-- Opening Marker --
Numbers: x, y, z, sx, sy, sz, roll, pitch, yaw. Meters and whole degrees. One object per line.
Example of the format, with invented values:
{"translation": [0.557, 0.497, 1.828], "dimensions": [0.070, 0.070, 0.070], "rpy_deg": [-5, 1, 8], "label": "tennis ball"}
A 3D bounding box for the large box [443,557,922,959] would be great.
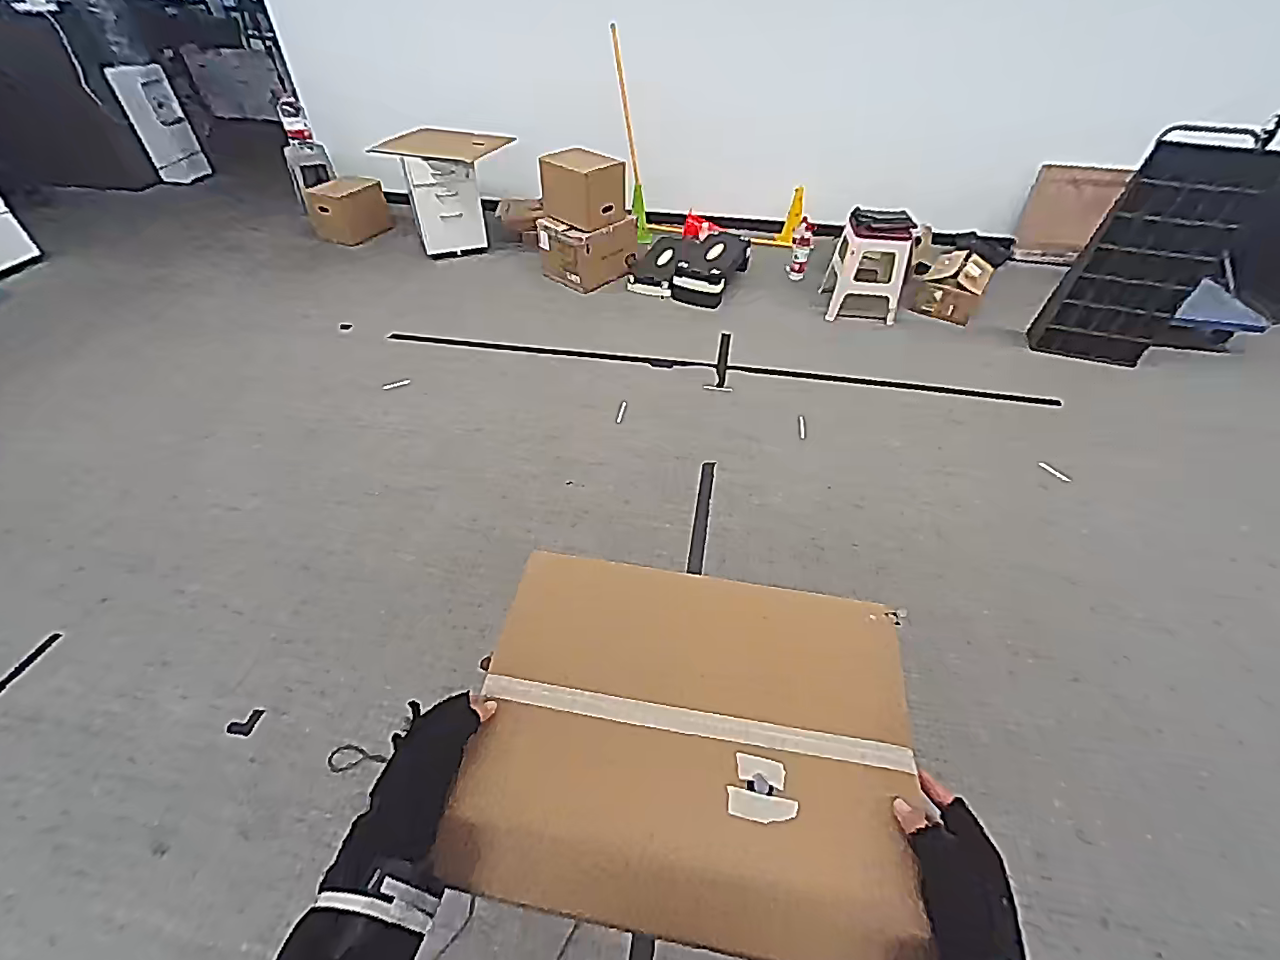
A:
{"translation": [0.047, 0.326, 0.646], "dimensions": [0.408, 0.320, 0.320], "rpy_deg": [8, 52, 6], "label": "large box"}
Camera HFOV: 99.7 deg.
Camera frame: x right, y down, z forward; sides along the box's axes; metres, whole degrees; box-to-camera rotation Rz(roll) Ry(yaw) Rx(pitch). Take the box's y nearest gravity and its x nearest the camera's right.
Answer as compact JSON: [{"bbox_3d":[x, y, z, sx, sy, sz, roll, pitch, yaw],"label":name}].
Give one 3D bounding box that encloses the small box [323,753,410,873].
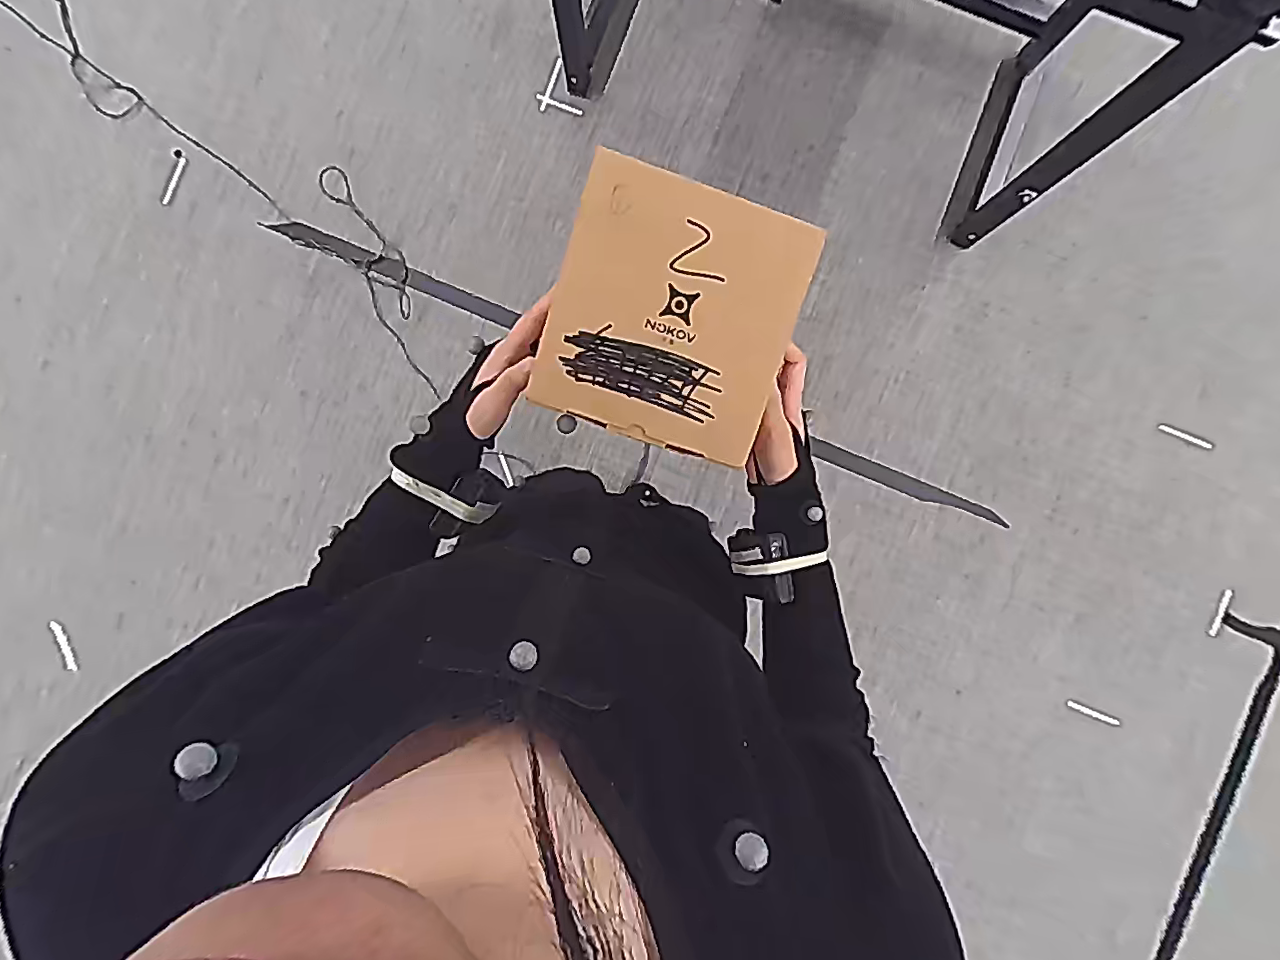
-- Closing Marker --
__YOUR ASSIGNMENT__. Everything in the records except the pictures should be printed again exactly.

__EXERCISE OUTPUT__.
Numbers: x, y, z, sx, sy, sz, roll, pitch, yaw. Meters and whole degrees. One object per line.
Example of the format, with invented values:
{"translation": [0.557, 0.497, 1.828], "dimensions": [0.070, 0.070, 0.070], "rpy_deg": [-5, 1, 8], "label": "tennis ball"}
A 3D bounding box for the large box [443,557,922,959] would be great.
A:
{"translation": [0.047, 0.326, 0.646], "dimensions": [0.408, 0.320, 0.320], "rpy_deg": [8, 52, 6], "label": "large box"}
Camera HFOV: 99.7 deg.
Camera frame: x right, y down, z forward; sides along the box's axes; metres, whole degrees; box-to-camera rotation Rz(roll) Ry(yaw) Rx(pitch). Take the box's y nearest gravity and its x nearest the camera's right.
Answer as compact JSON: [{"bbox_3d":[x, y, z, sx, sy, sz, roll, pitch, yaw],"label":name}].
Give one 3D bounding box that encloses the small box [323,753,410,873].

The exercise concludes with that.